» Your assignment
For the entries below, how many lines include the word "pitch"? Give the figure and nothing more.

» Entries taken from a collection
====

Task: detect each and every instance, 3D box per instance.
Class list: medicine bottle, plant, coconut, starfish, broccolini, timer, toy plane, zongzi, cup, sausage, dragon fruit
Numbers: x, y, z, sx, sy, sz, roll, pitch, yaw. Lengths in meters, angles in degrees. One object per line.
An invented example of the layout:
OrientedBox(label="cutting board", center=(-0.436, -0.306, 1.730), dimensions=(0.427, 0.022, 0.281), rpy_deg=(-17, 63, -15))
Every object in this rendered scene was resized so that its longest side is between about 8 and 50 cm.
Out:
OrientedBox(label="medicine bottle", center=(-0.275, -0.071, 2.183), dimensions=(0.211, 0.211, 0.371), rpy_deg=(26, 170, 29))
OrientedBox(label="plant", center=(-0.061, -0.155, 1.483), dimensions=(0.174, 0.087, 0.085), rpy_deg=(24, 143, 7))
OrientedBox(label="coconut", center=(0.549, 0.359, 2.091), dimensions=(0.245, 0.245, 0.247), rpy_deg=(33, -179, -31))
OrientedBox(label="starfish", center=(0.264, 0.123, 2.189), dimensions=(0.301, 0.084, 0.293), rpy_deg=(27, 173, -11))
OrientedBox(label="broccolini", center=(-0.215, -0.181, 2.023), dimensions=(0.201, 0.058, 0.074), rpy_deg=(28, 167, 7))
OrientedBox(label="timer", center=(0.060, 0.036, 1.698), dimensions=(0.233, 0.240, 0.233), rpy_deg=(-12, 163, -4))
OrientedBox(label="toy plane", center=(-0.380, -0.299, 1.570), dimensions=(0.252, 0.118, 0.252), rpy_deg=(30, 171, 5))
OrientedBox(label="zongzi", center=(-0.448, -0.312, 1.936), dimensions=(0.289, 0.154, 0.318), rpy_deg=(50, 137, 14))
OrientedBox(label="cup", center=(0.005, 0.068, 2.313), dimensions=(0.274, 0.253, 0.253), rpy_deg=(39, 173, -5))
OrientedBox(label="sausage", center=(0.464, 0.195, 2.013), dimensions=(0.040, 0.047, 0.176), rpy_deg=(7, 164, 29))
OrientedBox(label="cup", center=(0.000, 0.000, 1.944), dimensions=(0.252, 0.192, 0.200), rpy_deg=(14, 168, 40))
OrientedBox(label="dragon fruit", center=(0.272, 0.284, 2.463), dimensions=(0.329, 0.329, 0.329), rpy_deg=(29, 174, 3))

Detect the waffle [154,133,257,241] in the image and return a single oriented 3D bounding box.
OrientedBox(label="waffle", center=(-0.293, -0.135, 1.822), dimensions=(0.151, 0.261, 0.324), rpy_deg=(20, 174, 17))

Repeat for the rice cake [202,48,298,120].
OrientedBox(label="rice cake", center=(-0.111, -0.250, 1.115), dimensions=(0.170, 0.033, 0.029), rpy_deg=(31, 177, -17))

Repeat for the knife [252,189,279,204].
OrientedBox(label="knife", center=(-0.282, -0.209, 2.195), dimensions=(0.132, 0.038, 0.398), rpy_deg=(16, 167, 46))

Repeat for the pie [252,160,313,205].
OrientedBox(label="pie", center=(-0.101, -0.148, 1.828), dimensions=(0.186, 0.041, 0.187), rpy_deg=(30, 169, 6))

====

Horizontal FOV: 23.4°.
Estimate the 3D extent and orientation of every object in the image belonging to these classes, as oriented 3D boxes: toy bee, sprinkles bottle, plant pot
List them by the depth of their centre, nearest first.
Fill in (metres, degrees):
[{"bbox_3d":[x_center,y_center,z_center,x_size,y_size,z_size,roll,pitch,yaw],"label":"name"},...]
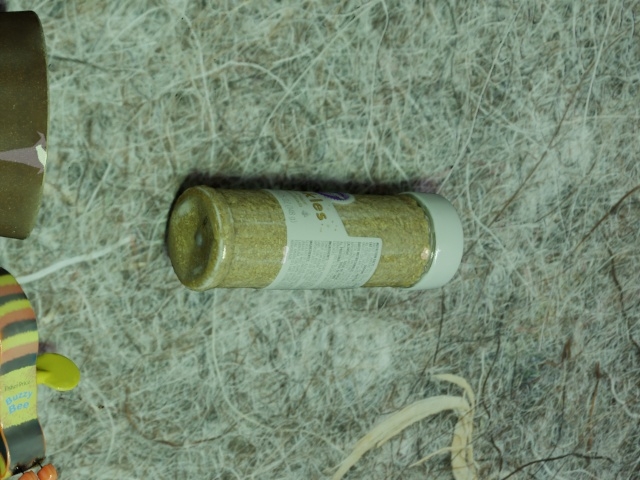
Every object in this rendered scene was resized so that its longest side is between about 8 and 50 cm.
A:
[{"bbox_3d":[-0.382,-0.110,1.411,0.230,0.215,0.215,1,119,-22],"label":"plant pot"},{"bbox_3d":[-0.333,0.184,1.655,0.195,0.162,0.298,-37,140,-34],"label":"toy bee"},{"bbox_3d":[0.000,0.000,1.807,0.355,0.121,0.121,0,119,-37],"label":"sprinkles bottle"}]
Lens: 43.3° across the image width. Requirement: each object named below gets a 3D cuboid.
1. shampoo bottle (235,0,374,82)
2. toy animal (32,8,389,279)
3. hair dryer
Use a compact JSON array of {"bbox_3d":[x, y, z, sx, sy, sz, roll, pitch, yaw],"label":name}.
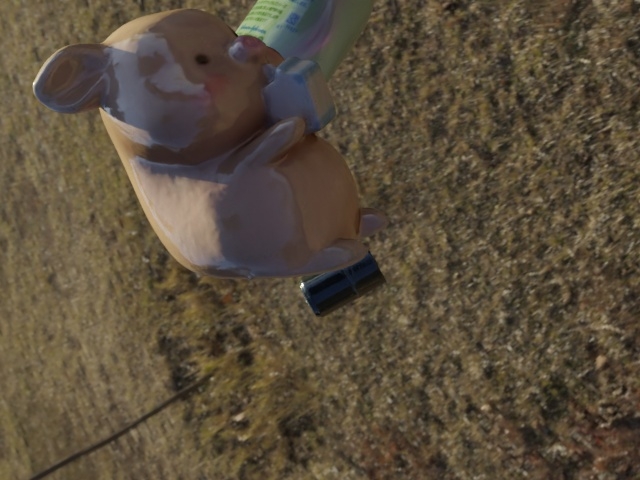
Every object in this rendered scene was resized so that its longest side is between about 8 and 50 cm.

====

» Exercise output
3